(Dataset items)

+-------+

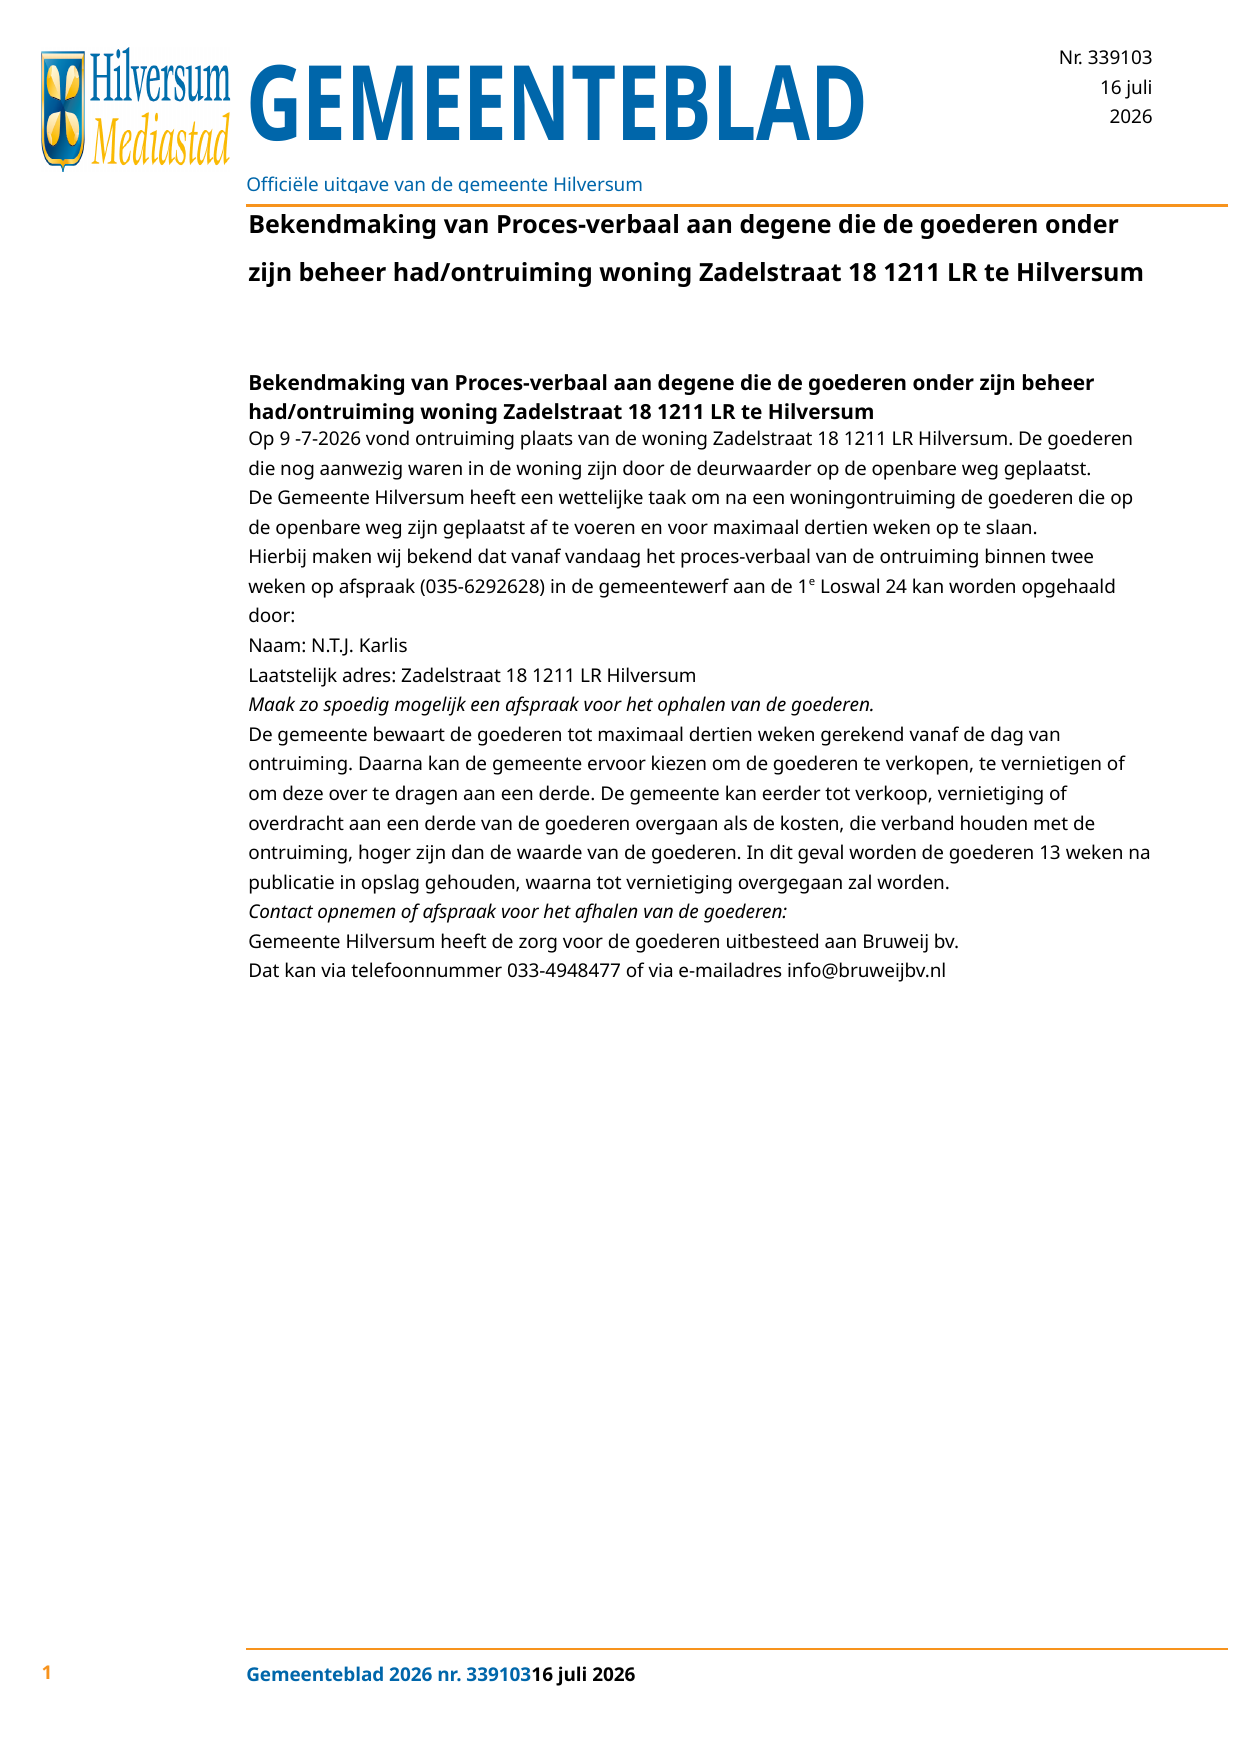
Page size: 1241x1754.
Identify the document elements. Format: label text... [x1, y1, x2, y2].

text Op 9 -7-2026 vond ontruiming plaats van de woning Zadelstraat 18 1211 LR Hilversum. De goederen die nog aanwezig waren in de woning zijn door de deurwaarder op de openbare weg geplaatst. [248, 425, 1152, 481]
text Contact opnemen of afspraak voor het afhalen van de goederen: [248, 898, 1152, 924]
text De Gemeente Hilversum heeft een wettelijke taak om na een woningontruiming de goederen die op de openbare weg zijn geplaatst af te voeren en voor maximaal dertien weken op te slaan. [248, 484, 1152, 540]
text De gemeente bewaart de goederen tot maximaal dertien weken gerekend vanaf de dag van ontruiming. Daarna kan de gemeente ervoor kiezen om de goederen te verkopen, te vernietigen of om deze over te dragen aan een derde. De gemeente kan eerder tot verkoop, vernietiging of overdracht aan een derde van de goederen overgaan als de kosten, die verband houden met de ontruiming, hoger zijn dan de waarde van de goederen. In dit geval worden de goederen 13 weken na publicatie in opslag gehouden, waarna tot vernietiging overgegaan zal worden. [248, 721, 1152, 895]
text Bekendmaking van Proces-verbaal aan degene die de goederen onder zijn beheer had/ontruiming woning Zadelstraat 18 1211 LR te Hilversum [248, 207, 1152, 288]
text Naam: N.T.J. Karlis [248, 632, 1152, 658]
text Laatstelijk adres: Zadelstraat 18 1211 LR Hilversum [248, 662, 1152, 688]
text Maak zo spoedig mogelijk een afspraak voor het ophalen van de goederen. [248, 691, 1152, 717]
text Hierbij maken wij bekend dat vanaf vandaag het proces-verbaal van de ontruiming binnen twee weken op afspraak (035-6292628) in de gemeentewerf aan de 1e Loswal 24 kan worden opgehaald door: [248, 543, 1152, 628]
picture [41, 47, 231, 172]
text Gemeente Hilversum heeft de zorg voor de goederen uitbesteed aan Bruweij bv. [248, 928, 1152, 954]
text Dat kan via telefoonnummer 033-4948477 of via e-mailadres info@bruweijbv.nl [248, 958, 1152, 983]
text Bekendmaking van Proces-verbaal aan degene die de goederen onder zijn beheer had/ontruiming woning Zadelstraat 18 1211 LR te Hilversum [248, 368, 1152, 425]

+-------+

Work to complete |
Look above for the line holding "text Maak zo". Print it and every line after it, exactly, through the line holding "text Dat kan".

Task result |
text Maak zo spoedig mogelijk een afspraak voor het ophalen van de goederen. [248, 691, 1152, 717]
text Hierbij maken wij bekend dat vanaf vandaag het proces-verbaal van de ontruiming binnen twee weken op afspraak (035-6292628) in de gemeentewerf aan de 1e Loswal 24 kan worden opgehaald door: [248, 543, 1152, 628]
picture [41, 47, 231, 172]
text Gemeente Hilversum heeft de zorg voor de goederen uitbesteed aan Bruweij bv. [248, 928, 1152, 954]
text Dat kan via telefoonnummer 033-4948477 of via e-mailadres info@bruweijbv.nl [248, 958, 1152, 983]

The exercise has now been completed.